Here comes the......(drumroll).....VOCABULARY!!!!!!!!!!!!!!!!!!!! {thank-you, thank-you}.
 
 

1.  Autotrophs -----------------------------------------------------  organisms, such as plants, fungi, protists, and  some bacteria, that make their own food. They are also known as producers.
 2.  Heterotrophs --------------------------------------------------- organisms that consume others for nutritional purposes. To simplify it, animals such as meat-eaters (carnivores and omnivores) and plant-eaters (herbivores).
3. Chlorophyll ------------------------------------------------------ green pigments located in chloroplasts.
4.  Mesophyll --------------------------------------------------------tissue in the inside of the leaf.
5. Stomata ------------------------------------------------------------singular: stoma, which means mouth; they are microscopic pores  located on the leaf. Carbon dioxide enters through it, and oxygen exits (they're like little noses!).
6. Wavelength ----------------------------------------------------- - distance between the crests of electromagnetic waves that range   from less than a nanometer to more than a kilometer.
7.  Electromagnetic spectrum -----------------------------------entire range of radiation of visible light.
8.  Visible light ------------------------------------------------------detected as various colors by the naked human eye (look around, you it's the COLORS!!! the COLORS!!!).
9.  Photons ----------------------------------------------------------- a non-tangible object (basically, you can't see it  with a naked eye and you are unable to touch it, like the way you can touch and hold onto a pencil), it is quantum light energy (simply, it's tiny   packages of light).
10.   Light reactions --------------------------------------------------they're the steps of photosynthesis that convert solar energy to chemical energy. (that's why it's called light reaction because it uses  light from the sun to produce the chemicals needed for the plant to   make food).
11.   Calvin Cycle -----------------------------------------------------named after Melvin Calvin who discovered the steps in the late 1940s along      with his colleagues. This is otherwise known as the dark reaction because   it doesn't need light but only the products of the light reaction (NADPH and ATP) and carbon dioxide in order to produce sugar.
12.   NADP+ -----------------------------------------------------------real name: nicotinamide adenine dinucleotide phosphate. (isn't that cool!! look at that big word!! impress your friends!!) It's a biproduct of the Calvin Cycle and is an electron acceptor that temporarily stores the energized electrons needed for the process to take place (you need   energy in order to do work!).
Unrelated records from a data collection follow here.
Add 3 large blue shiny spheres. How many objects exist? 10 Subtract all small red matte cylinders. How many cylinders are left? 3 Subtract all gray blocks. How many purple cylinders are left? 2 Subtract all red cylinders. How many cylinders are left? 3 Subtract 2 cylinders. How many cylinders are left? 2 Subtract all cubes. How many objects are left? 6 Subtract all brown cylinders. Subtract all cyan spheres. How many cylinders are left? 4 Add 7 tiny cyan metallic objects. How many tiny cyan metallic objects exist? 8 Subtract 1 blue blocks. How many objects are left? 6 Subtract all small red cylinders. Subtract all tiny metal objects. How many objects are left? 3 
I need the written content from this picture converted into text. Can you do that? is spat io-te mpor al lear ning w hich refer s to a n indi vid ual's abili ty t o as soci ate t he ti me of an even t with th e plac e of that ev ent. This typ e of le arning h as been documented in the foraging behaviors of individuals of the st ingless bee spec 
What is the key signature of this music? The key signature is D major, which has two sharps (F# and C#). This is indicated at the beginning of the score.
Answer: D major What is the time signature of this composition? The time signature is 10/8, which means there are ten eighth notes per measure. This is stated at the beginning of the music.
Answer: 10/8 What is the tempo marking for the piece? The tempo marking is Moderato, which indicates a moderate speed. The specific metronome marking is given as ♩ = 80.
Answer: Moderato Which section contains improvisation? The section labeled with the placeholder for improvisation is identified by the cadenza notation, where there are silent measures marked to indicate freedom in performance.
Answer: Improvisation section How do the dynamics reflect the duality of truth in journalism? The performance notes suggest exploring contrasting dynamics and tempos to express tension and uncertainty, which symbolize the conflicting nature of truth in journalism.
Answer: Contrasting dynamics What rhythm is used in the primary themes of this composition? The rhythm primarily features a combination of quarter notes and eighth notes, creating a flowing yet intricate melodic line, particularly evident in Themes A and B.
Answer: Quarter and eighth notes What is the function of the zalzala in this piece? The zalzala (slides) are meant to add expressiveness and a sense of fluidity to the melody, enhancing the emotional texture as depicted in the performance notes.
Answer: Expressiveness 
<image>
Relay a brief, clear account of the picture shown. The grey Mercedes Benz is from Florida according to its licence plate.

13.   Photophosphorylation --------------------------------------- a process in which the light reactions also generate ATP by powering the addition of a phosphate group to ADP.
14. Carbon fixation ------------------------------------------------  the addition of carbon element into other compounds
15.  Pigments -------------------------------------------------------- substance that absorbs certain ends of the light spectrum. The most familiar being chlorophyll (green) and carotenoids (orange).
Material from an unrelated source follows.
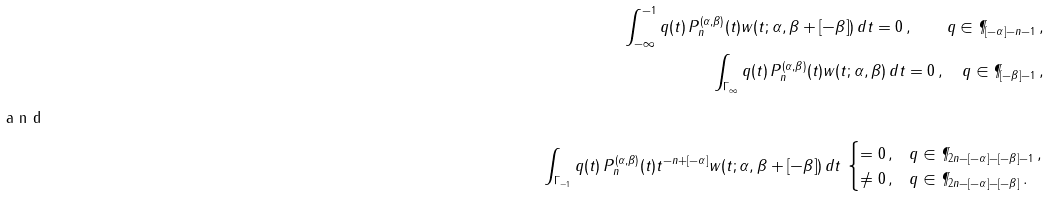Convert formula to latex. <formula><loc_0><loc_0><loc_500><loc_500>\int _ { - \infty } ^ { - 1 } q ( t ) \, P _ { n } ^ { ( \alpha , \beta ) } ( t ) w ( t ; \alpha , \beta + [ - \beta ] ) \, d t = 0 \, , \quad q \in \P _ { [ - \alpha ] - n - 1 } \, , \\ \int _ { \Gamma _ { \infty } } q ( t ) \, P _ { n } ^ { ( \alpha , \beta ) } ( t ) w ( t ; \alpha , \beta ) \, d t = 0 \, , \quad q \in \P _ { [ - \beta ] - 1 } \, , \\ \intertext { a n d } \int _ { \Gamma _ { - 1 } } q ( t ) \, P _ { n } ^ { ( \alpha , \beta ) } ( t ) t ^ { - n + [ - \alpha ] } w ( t ; \alpha , \beta + [ - \beta ] ) \, d t \, \begin{cases} = 0 \, , & q \in \P _ { 2 n - [ - \alpha ] - [ - \beta ] - 1 } \, , \\ \neq 0 \, , & q \in \P _ { 2 n - [ - \alpha ] - [ - \beta ] } \, . \end{cases}</formula> 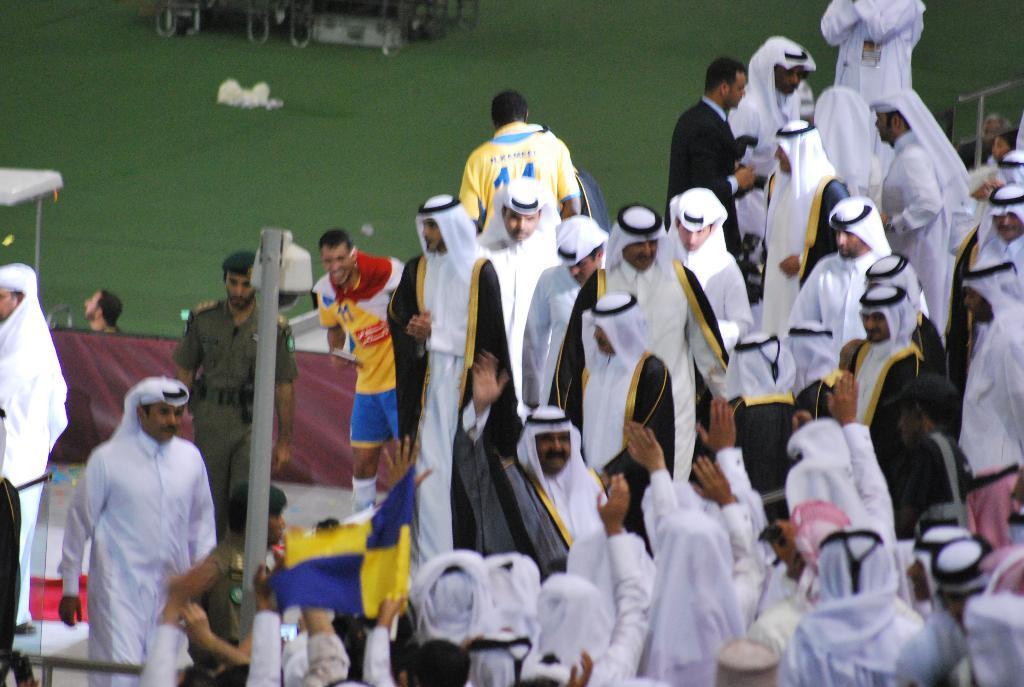Please provide a concise description of this image. In the image there are many arab men standing and walking and on the left side there is grassland.

16.  Photorespiration---------------------------------------------   process in certain plants that occurs in the light and accumulates O2, or oxygen gas.
17.  C3 plants ------------------------------------------------------- certain plants that produce a 3-carbon compound as the first product of carbon fixation.  This group include plants important to agriculture, such as soybeans.
18.  C4 plants-------------------------------------------------------- plants that enter the Calvin cycle (i.e. dark reaction) with a different type of  carbon fixation process that produces a 4-carbon compound as the first product. This group also contain specific plants that are important to agriculture, such as corn and sugarcane.
19.  Crassulacean acid metabolism (CAM) ----------------- named after water-storing plants, the family Crassulaceae,  these plants keep  the acids that they produce during the night in their vacuoles until daybreak,  when the stomata closes.  Examples of these plants would include many cacti (pl. for cactus), and pineapples, among some others.